# Jobs in NGO- Johannesburg



## Mimik (Aug 15, 2011)

Hi

I will be moving to Jnb, and have not yet secured a job. Would anyone be able to sign post me any websites or agencies that would be of use. Have always worked with NGO....

Thanks so much

Mi


----------



## Johanna (Apr 13, 2009)

Mimik said:


> Hi
> 
> I will be moving to Jnb, and have not yet secured a job. Would anyone be able to sign post me any websites or agencies that would be of use. Have always worked with NGO....
> 
> ...


What sort of work? Social work , nursing, teaching ?

Are you allowed to work in SA?


----------



## Mimik (Aug 15, 2011)

hi Johanna 

project management/co=ordinator/worker in substance misuse, mental health, young people, domestic violence, equality......

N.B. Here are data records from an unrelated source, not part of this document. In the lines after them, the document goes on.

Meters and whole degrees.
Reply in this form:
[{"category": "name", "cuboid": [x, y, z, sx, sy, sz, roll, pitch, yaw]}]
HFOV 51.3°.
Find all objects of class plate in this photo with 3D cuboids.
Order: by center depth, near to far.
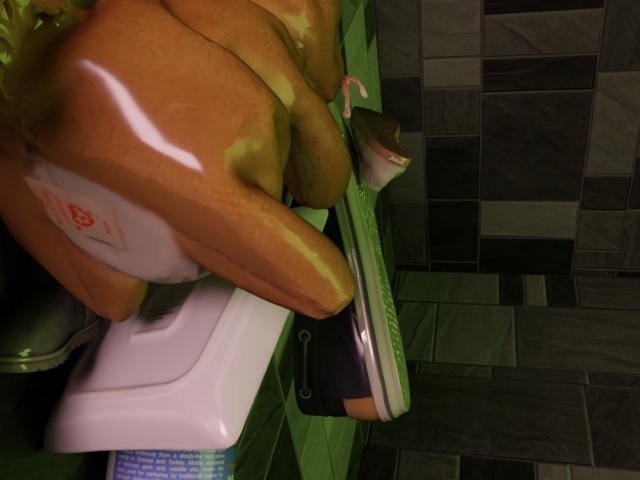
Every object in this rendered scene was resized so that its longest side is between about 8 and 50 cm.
[{"category": "plate", "cuboid": [-0.145, 0.079, 0.674, 0.045, 0.277, 0.278, 50, 43, -30]}]

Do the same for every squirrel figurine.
[{"category": "squirrel figurine", "cuboid": [-0.116, -0.174, 0.552, 0.397, 0.281, 0.370, 48, 51, -27]}]

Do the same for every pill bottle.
[{"category": "pill bottle", "cuboid": [-0.176, 0.249, 0.800, 0.152, 0.153, 0.271, 44, 49, -72]}]

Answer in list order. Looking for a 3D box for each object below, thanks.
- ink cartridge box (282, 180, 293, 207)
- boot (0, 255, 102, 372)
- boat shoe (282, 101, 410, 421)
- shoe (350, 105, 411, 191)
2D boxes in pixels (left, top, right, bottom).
[{"category": "ink cartridge box", "cuboid": [-0.144, -0.168, 0.897, 0.395, 0.151, 0.269, 76, 21, -53]}, {"category": "boot", "cuboid": [-0.256, 0.001, 0.616, 0.189, 0.076, 0.208, -87, -178, -81]}, {"category": "boat shoe", "cuboid": [0.000, 0.000, 0.909, 0.187, 0.156, 0.499, 42, 37, -69]}, {"category": "shoe", "cuboid": [0.074, -0.134, 0.931, 0.219, 0.077, 0.058, -96, -153, -62]}]
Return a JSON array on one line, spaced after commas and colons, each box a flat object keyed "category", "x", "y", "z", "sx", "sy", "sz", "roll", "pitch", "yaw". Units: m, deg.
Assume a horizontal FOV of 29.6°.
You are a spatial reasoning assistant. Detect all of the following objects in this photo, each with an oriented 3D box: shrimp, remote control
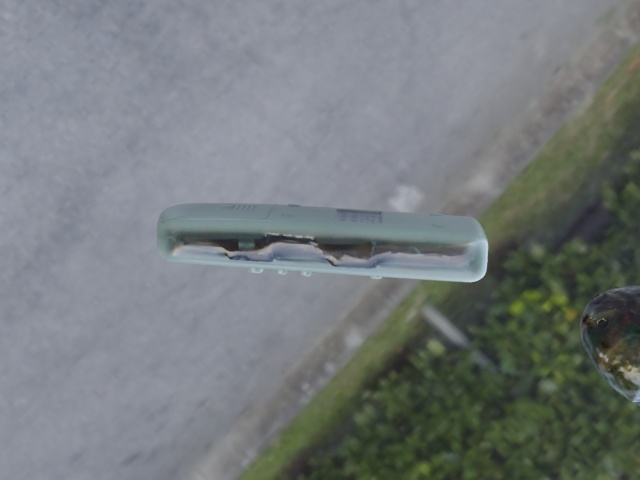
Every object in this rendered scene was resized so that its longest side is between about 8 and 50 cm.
[{"category": "shrimp", "x": 0.376, "y": 0.133, "z": 1.004, "sx": 0.137, "sy": 0.372, "sz": 0.172, "roll": -84, "pitch": -163, "yaw": -59}, {"category": "remote control", "x": 0.000, "y": 0.000, "z": 1.099, "sx": 0.140, "sy": 0.296, "sz": 0.056, "roll": -70, "pitch": 162, "yaw": -82}]
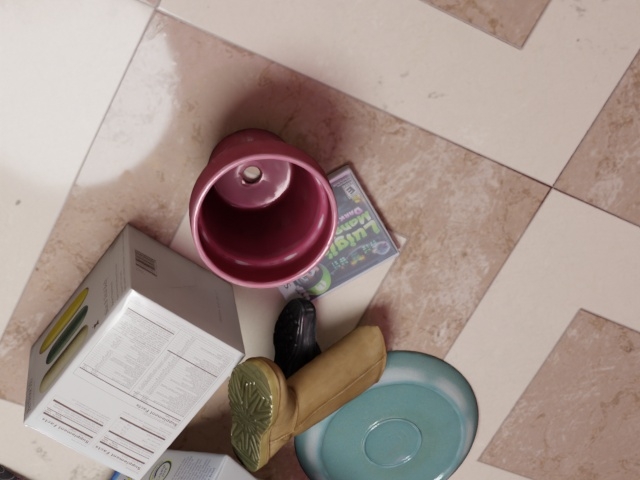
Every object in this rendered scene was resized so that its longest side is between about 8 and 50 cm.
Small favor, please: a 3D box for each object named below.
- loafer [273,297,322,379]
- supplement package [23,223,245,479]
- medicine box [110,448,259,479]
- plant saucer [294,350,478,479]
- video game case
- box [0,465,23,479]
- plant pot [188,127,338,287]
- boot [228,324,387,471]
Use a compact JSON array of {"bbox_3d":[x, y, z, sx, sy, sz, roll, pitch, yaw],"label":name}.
[{"bbox_3d":[-0.031,0.179,1.830,0.078,0.076,0.223,-10,128,-26],"label":"loafer"},{"bbox_3d":[-0.272,0.162,1.701,0.198,0.199,0.263,33,108,-24],"label":"supplement package"},{"bbox_3d":[-0.170,0.456,1.823,0.263,0.289,0.149,45,59,-27],"label":"medicine box"},{"bbox_3d":[0.115,0.328,1.955,0.317,0.044,0.318,-4,119,-8],"label":"plant saucer"},{"bbox_3d":[0.000,0.000,1.769,0.190,0.022,0.173,-29,119,5],"label":"video game case"},{"bbox_3d":[-0.480,0.488,1.842,0.247,0.142,0.163,34,107,-9],"label":"box"},{"bbox_3d":[-0.087,-0.064,1.628,0.201,0.180,0.201,-5,119,-8],"label":"plant pot"},{"bbox_3d":[-0.012,0.195,1.723,0.269,0.089,0.236,-31,152,-33],"label":"boot"}]

I am awaiting my permanent residence permit(which will give me dual nationality)

thanks


----------



## Johanna (Apr 13, 2009)

Mimik said:


> hi Johanna
> 
> project management/co=ordinator/worker in substance misuse, mental health, young people, domestic violence, equality......
> 
> ...


Hi I hope the following helps:

Find Jobs in NGO and Non-Profit Associations in South Africa | Jobs.co.za - South Africa's Job Portal | Browse Jobs by Industry in SA


----------



## Mimik (Aug 15, 2011)

thanks


----------



## mohana.dam (Jun 6, 2012)

Hey guys!

Just saw ur posts. Wanted to add that I too am shifting to joh. My husband's goin there on work permit. I have applied for dependent from India. I went mad searching for vacancies in NGOs. Nothing except one of two were important info. Please help. However, I have no experience in NGO work, but have in journalism where I used to work with NGOs on social issues. Please suggest how to go about it. Also do i need a work permit before i apply??? but they wnt issue one unless i have a job. catch 22 situation. !!!!


----------